Ordination to diaconate 2020 prostrate 550The power of love is making us free to worship God and exercise our mission. Our founder Fr Arnold Janssen desired for God’s love, and the love of God consumed him, making him able to respond to God’s will.  In his mission, his love for God’s will grew and flourished, starting from the distribution of a small prayer book “Apostleship prayer” and leading to the establishment of three religious congregations in which Fr Arnold discovered the joy of his mission.  This joy lifted his spiritual life and the Word became the centre of his life.  The power of God’s love will moves us to go beyond our vows and commitments, when we respond to God’s call with a desire of loving heart.  The joyful spirit will lift up our spiritual life.  That is why Jesus minimised all of the commandments down to two commandments, which are to love God with all your heart and soul, and love your neighbour as yourself. 
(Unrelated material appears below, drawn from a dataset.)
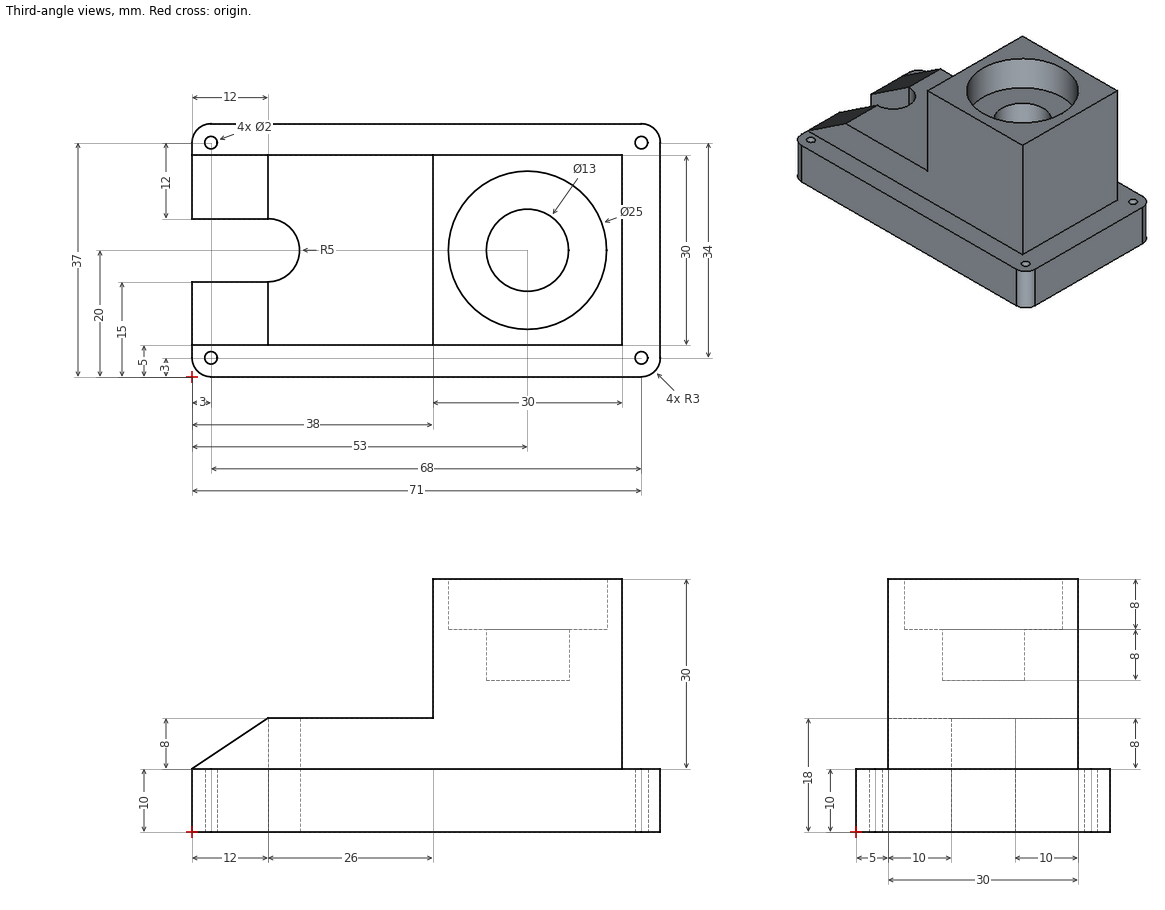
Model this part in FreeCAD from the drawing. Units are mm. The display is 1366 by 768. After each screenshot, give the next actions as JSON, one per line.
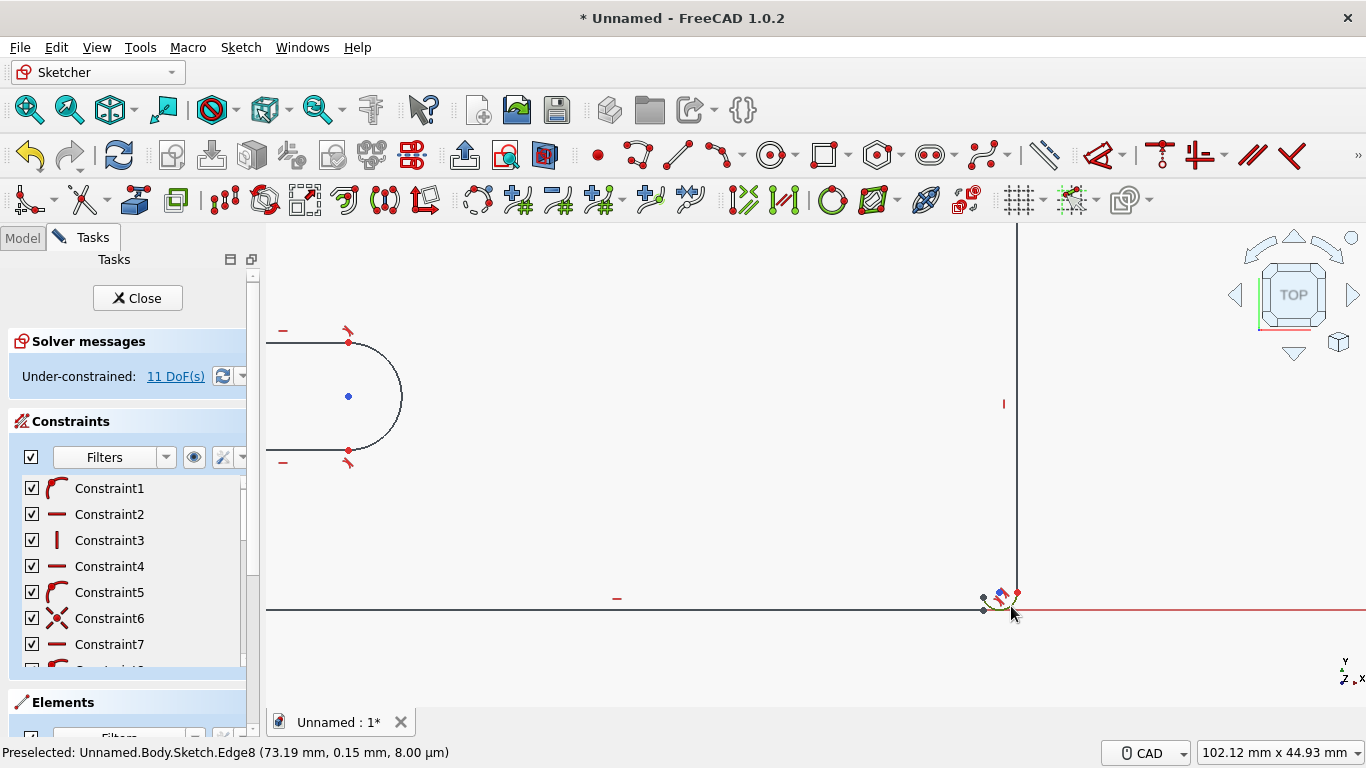
{"action": "scroll", "coordinate": [1013, 608], "scroll_direction": "down", "scroll_amount": 2}
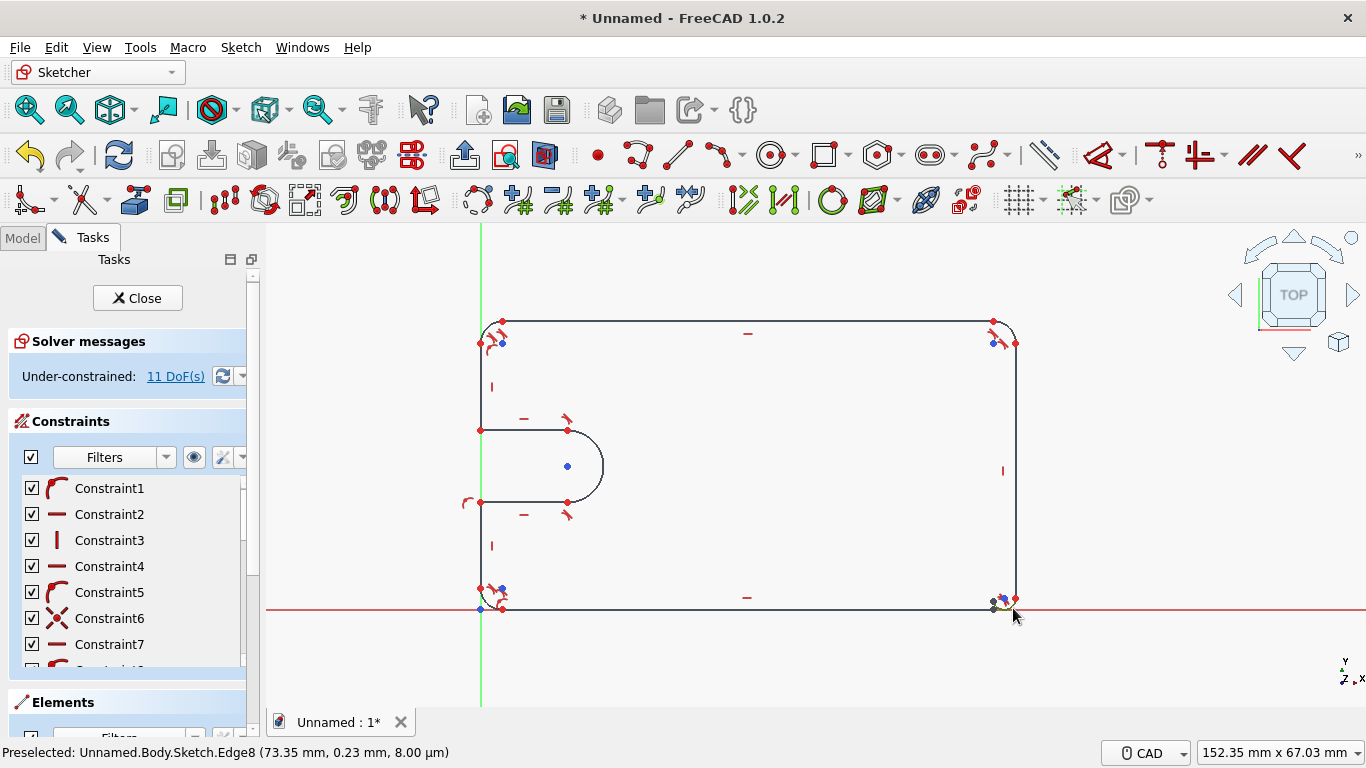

Each time I attend a final vows ceremony, diaconate or ordination, I listen to the Litany prayer, and I am moved to tears.  It reminds me of my own final vows profession and the ordinations.  When I was prostrated on the floor and I listened to the Litany prayer song, I wondered ‘Who am I that these saints prayed for me?’.  A pebble of the sand in the beach was amongst the millions and that was me.  These saints were holy, committed and desired for God, but they were in the presence of God and they prayed for me.  My humility was not good enough. 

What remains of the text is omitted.